Firmonertinib

Clinical data
- Other names: Alflutinib mesylate; AST-2818; Furmonertinib; Furmonertinib mesylate; Iflutinib mesylate; Ivesa; Vometinib mesylate

Legal status
- Legal status: investigational;

Identifiers
- IUPAC name N-[2-[2-(dimethylamino)ethyl-methylamino]-5-[[4-(1-methylindol-3-yl)pyrimidin-2-yl]amino]-6-(2,2,2-trifluoroethoxy)-3-pyridinyl]prop-2-enamide;
- CAS Number: 1869057-83-9;
- PubChem CID: 118861389;
- IUPHAR/BPS: 10477;
- DrugBank: DB16087;
- ChemSpider: 81367235;
- UNII: A49A7A5YN4;
- KEGG: D12956;
- ChEBI: CHEBI:756763;
- ChEMBL: ChEMBL4297258;

Chemical and physical data
- Formula: C_{28}H_{31}F_{3}N_{8}O_{2}
- Molar mass: 568.605 g·mol^{−1}
- 3D model (JSmol): Interactive image;
- SMILES CN1C=C(C2=CC=CC=C21)C3=NC(=NC=C3)NC4=C(N=C(C(=C4)NC(=O)C=C)N(C)CCN(C)C)OCC(F)(F)F;
- InChI InChI=InChI=1S/C28H31F3N8O2/c1-6-24(40)33-21-15-22(26(41-17-28(29,30)31)36-25(21)38(4)14-13-37(2)3)35-27-32-12-11-20(34-27)19-16-39(5)23-10-8-7-9-18(19)23/h6-12,15-16H,1,13-14,17H2,2-5H3,(H,33,40)(H,32,34,35); Key:GHKOONMJXNWOIW-UHFFFAOYSA-N;

= Firmonertinib =

Firmonertinib (previously referred to as alflutinib and furmonertinib) is targeted drug that that is approved in China for the treatment of non-small cell lung cancer (NSCLC).

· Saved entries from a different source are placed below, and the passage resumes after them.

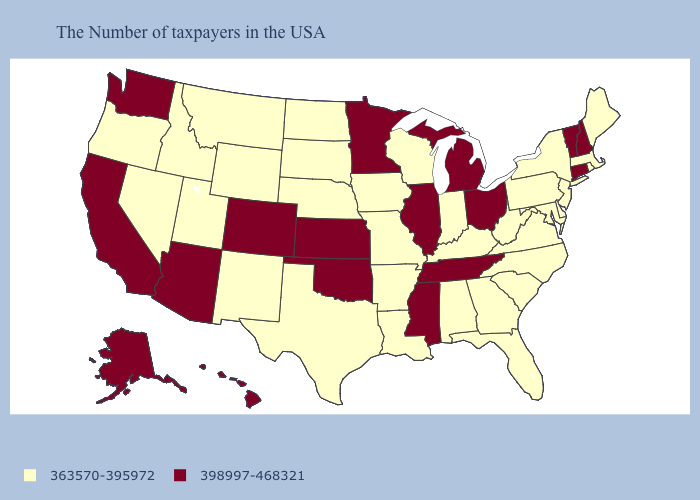What is the highest value in the West ?
Answer briefly. 398997-468321. Does Ohio have a lower value than Arizona?
Be succinct. No. How many symbols are there in the legend?
Give a very brief answer. 2. What is the value of North Dakota?
Give a very brief answer. 363570-395972. Does Idaho have the highest value in the West?
Keep it brief. No. What is the value of Wyoming?
Write a very short answer. 363570-395972. Name the states that have a value in the range 363570-395972?
Keep it brief. Maine, Massachusetts, Rhode Island, New York, New Jersey, Delaware, Maryland, Pennsylvania, Virginia, North Carolina, South Carolina, West Virginia, Florida, Georgia, Kentucky, Indiana, Alabama, Wisconsin, Louisiana, Missouri, Arkansas, Iowa, Nebraska, Texas, South Dakota, North Dakota, Wyoming, New Mexico, Utah, Montana, Idaho, Nevada, Oregon. Name the states that have a value in the range 363570-395972?
Concise answer only. Maine, Massachusetts, Rhode Island, New York, New Jersey, Delaware, Maryland, Pennsylvania, Virginia, North Carolina, South Carolina, West Virginia, Florida, Georgia, Kentucky, Indiana, Alabama, Wisconsin, Louisiana, Missouri, Arkansas, Iowa, Nebraska, Texas, South Dakota, North Dakota, Wyoming, New Mexico, Utah, Montana, Idaho, Nevada, Oregon. Does Rhode Island have the lowest value in the Northeast?
Concise answer only. Yes. Does Colorado have the highest value in the West?
Give a very brief answer. Yes. Does the map have missing data?
Answer briefly. No. How many symbols are there in the legend?
Short answer required. 2. Does Arkansas have the lowest value in the South?
Keep it brief. Yes. 
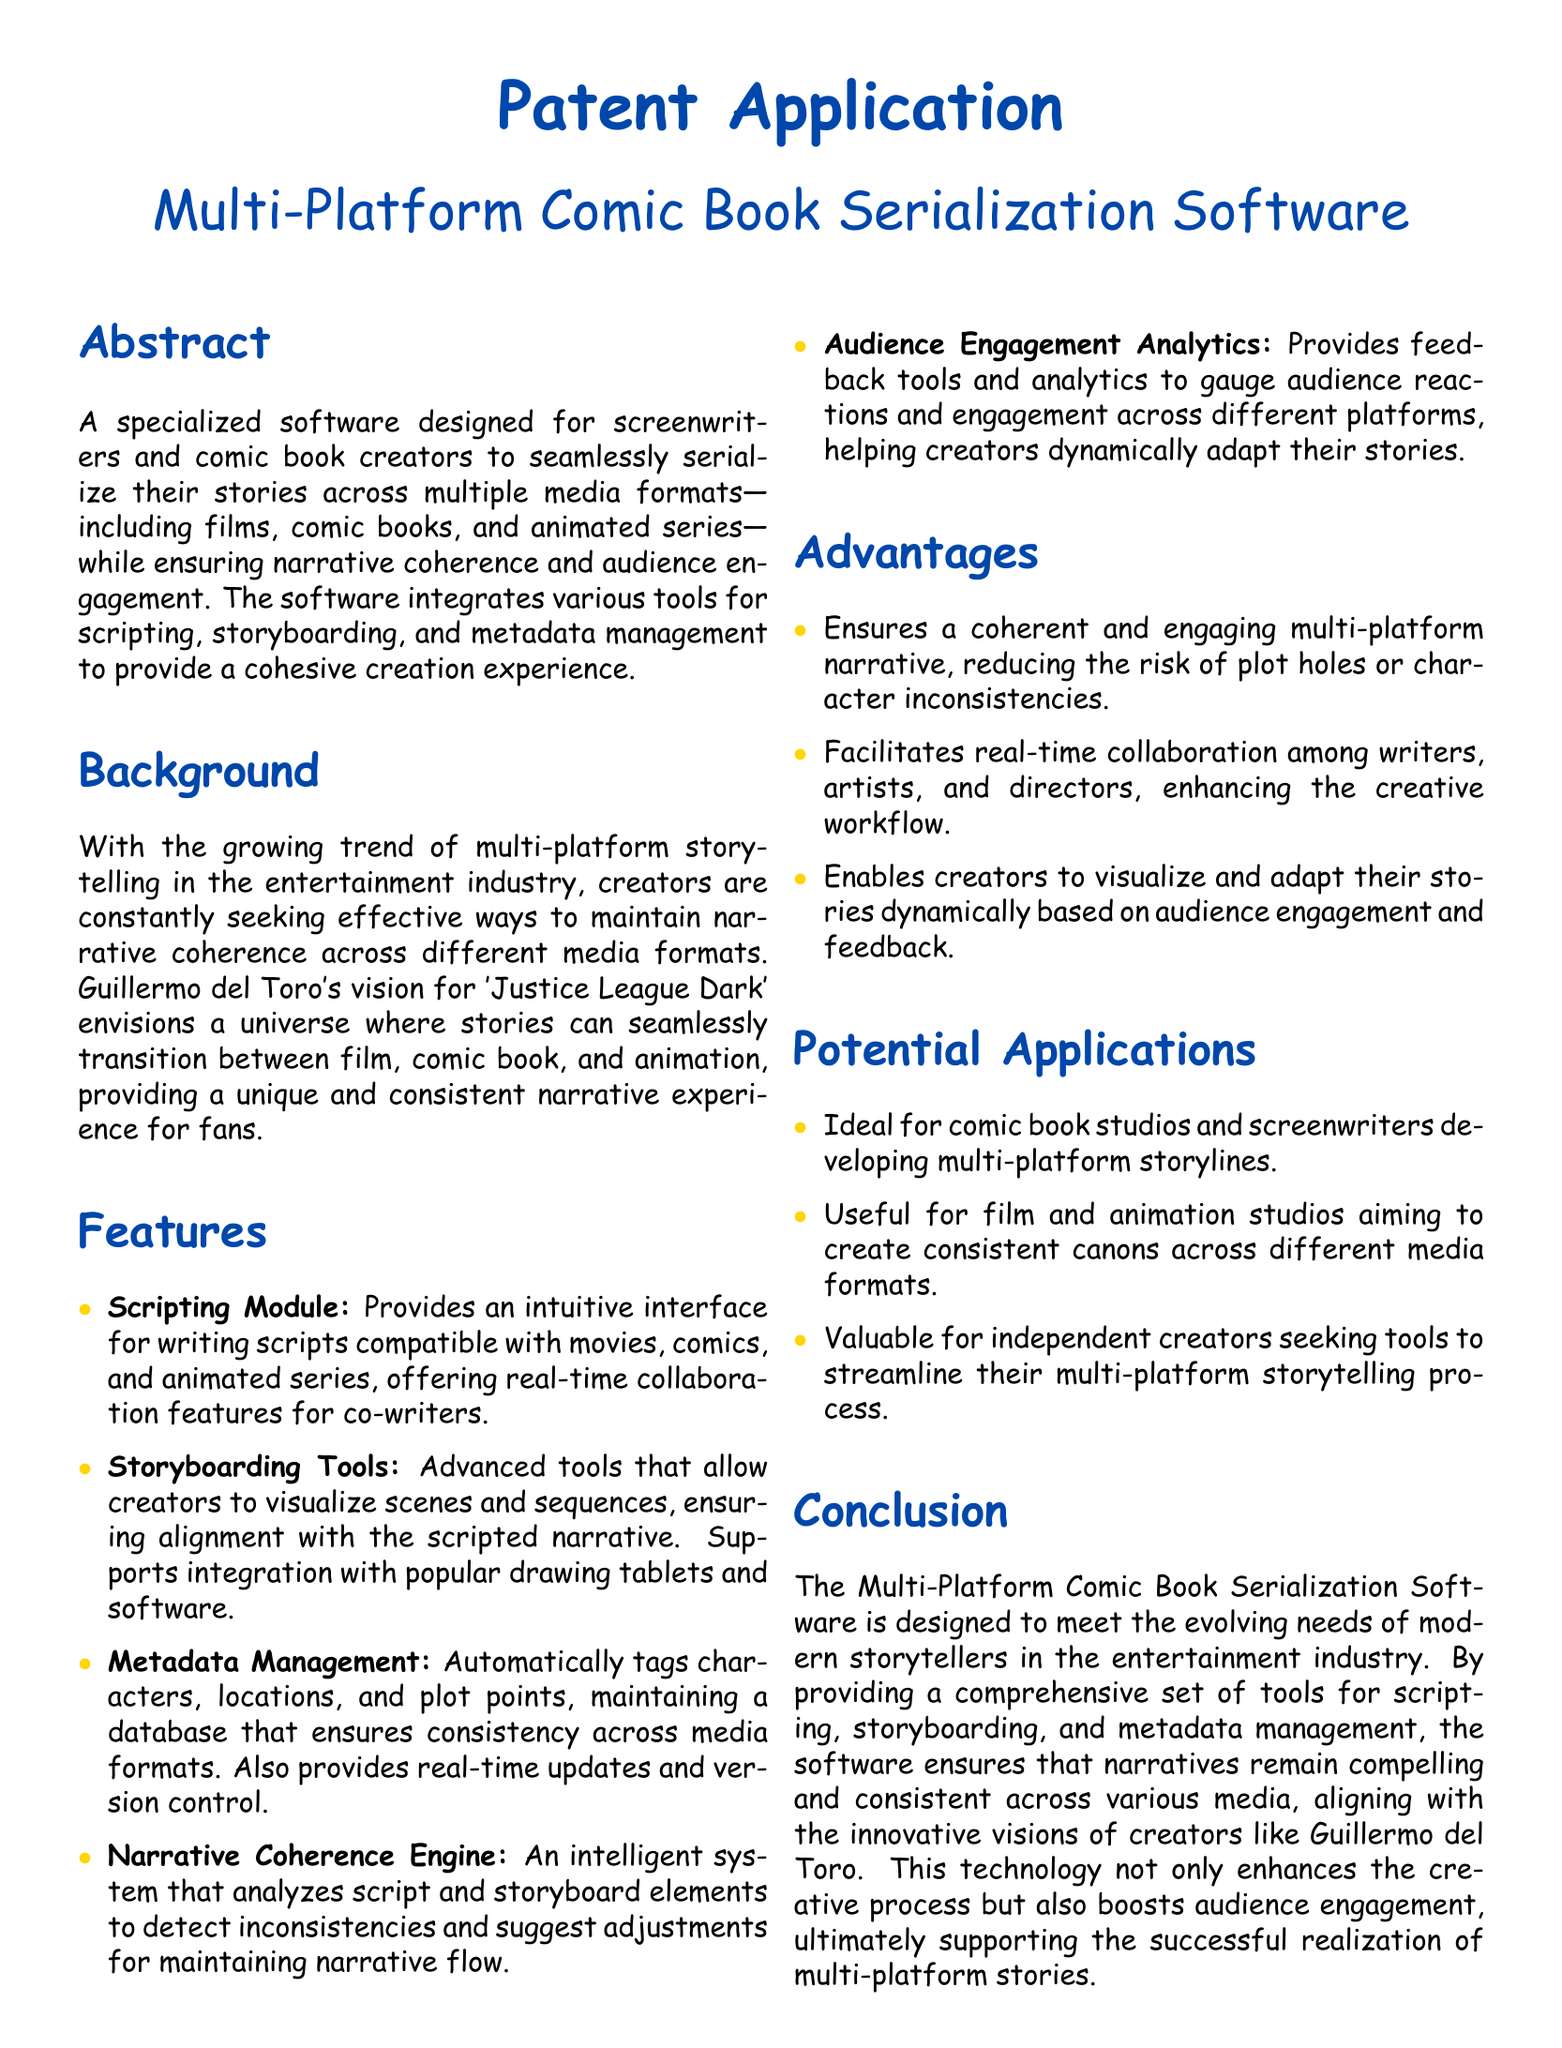What is the title of the software? The title of the software is stated at the beginning of the document.
Answer: Multi-Platform Comic Book Serialization Software Who is the intended user of the software? The document highlights the main users of the software in the abstract section.
Answer: Screenwriters and comic book creators What is one feature of the Scripting Module? A specific feature of the Scripting Module is mentioned in the features section.
Answer: Intuitive interface What does the Narrative Coherence Engine do? The function of the Narrative Coherence Engine is summarized in the features section.
Answer: Analyzes script and storyboard elements What type of analytics does the software provide? The document outlines the type of analytics offered in the Audience Engagement Analytics feature.
Answer: Feedback tools and analytics Which creator's vision is mentioned in the background? The background section references a well-known creator associated with multi-platform storytelling.
Answer: Guillermo del Toro What is one potential application of the software? Potential applications are listed in the respective section.
Answer: Comic book studios How does the software enhance creative workflow? The advantages section explains how the software improves creative processes.
Answer: Facilitates real-time collaboration What major need does the software address? The conclusion highlights a primary need that the software fulfills for modern storytellers.
Answer: Multi-platform storytelling 
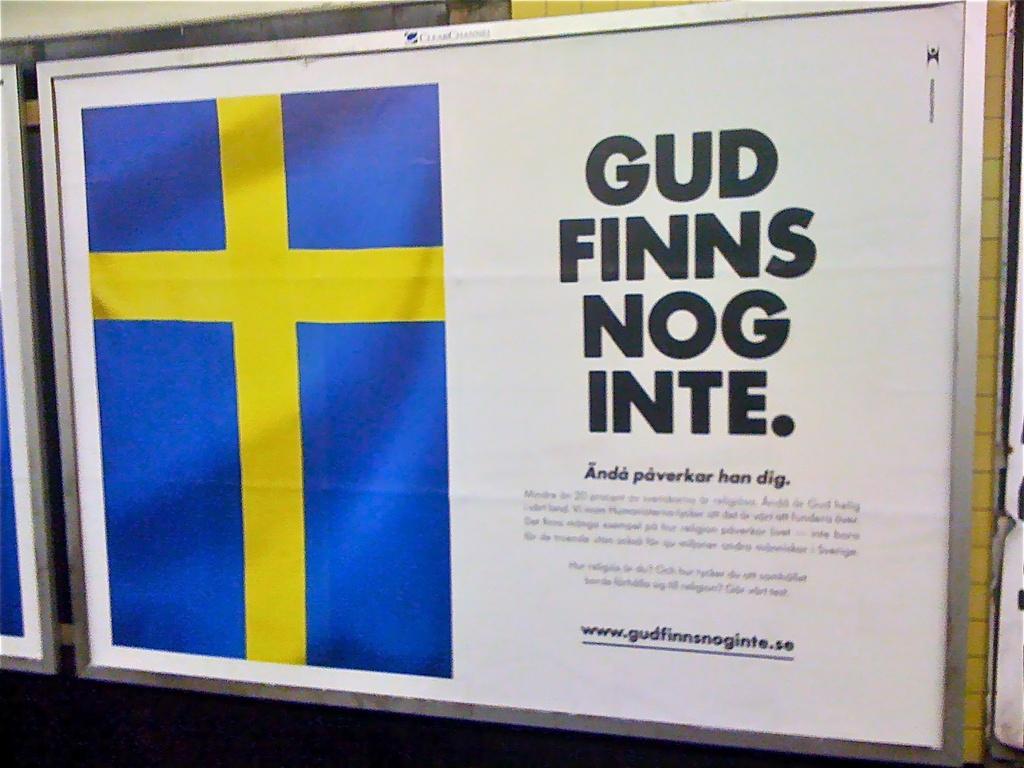What does it say on the billboard?
Keep it short and to the point. Gud finns nog inte. What website is written on the bottom of the sign?
Provide a succinct answer. Www.gudfinnsnoginte.se. 
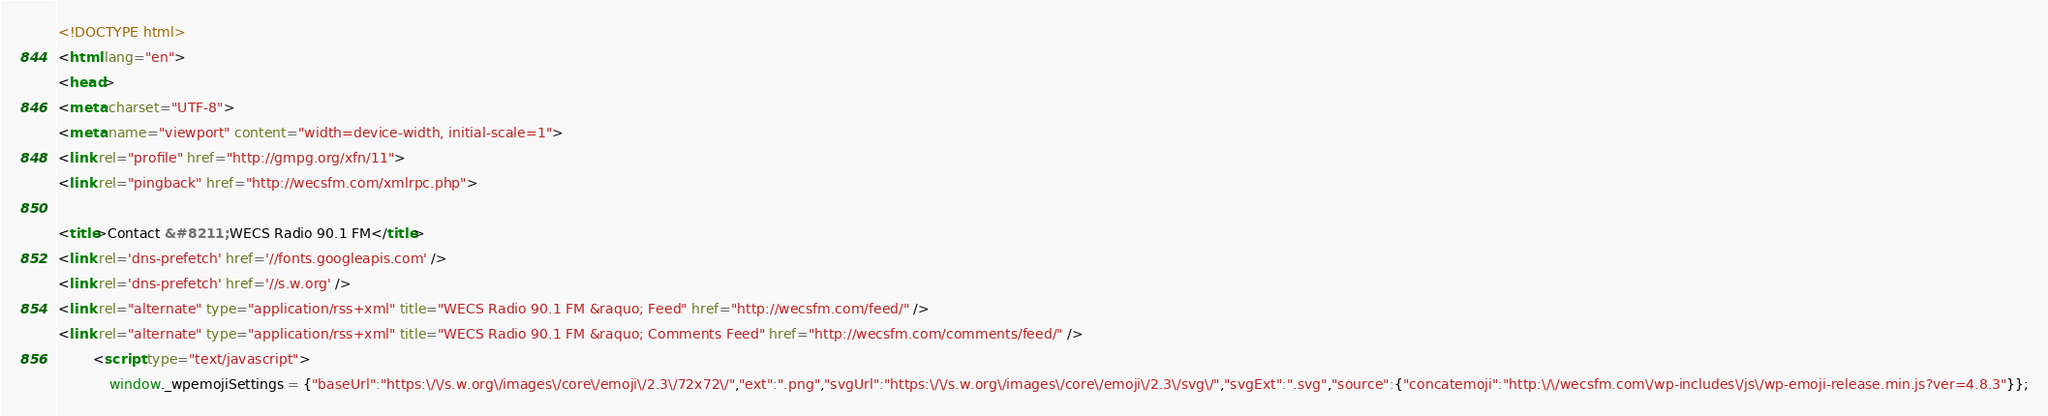<code> <loc_0><loc_0><loc_500><loc_500><_HTML_><!DOCTYPE html>
<html lang="en">
<head>
<meta charset="UTF-8">
<meta name="viewport" content="width=device-width, initial-scale=1">
<link rel="profile" href="http://gmpg.org/xfn/11">
<link rel="pingback" href="http://wecsfm.com/xmlrpc.php">

<title>Contact &#8211; WECS Radio 90.1 FM</title>
<link rel='dns-prefetch' href='//fonts.googleapis.com' />
<link rel='dns-prefetch' href='//s.w.org' />
<link rel="alternate" type="application/rss+xml" title="WECS Radio 90.1 FM &raquo; Feed" href="http://wecsfm.com/feed/" />
<link rel="alternate" type="application/rss+xml" title="WECS Radio 90.1 FM &raquo; Comments Feed" href="http://wecsfm.com/comments/feed/" />
		<script type="text/javascript">
			window._wpemojiSettings = {"baseUrl":"https:\/\/s.w.org\/images\/core\/emoji\/2.3\/72x72\/","ext":".png","svgUrl":"https:\/\/s.w.org\/images\/core\/emoji\/2.3\/svg\/","svgExt":".svg","source":{"concatemoji":"http:\/\/wecsfm.com\/wp-includes\/js\/wp-emoji-release.min.js?ver=4.8.3"}};</code>

The originator of the drug was Shanghai Allist Pharmaceuticals. It is now being developed outside China through a licensing deal with ArriVent BioPharma, Inc. for the same indication. It is a epidermal growth factor receptor (EGFR) antagonist.

== Pharmacology ==
Firmonertinib is an EGFR inhibitor that binds irreversibly through a chemical reactive acrylamide to the Cys-797 residue of the ATP-binding site of EGFR via a Michael addition to form a covalent bond. It has binding selectivity for T790M mutant over wild‑type EGFR.

== Clinical trials ==
Firmonertinib is currently in phase 3 clinical trials in North America, Europe, and Asia for non-small cell lung cancer in the.

== Approvals ==
It was approved for use in China in 2021 in NSCLC patients with confirmed EGFR T790M mutations.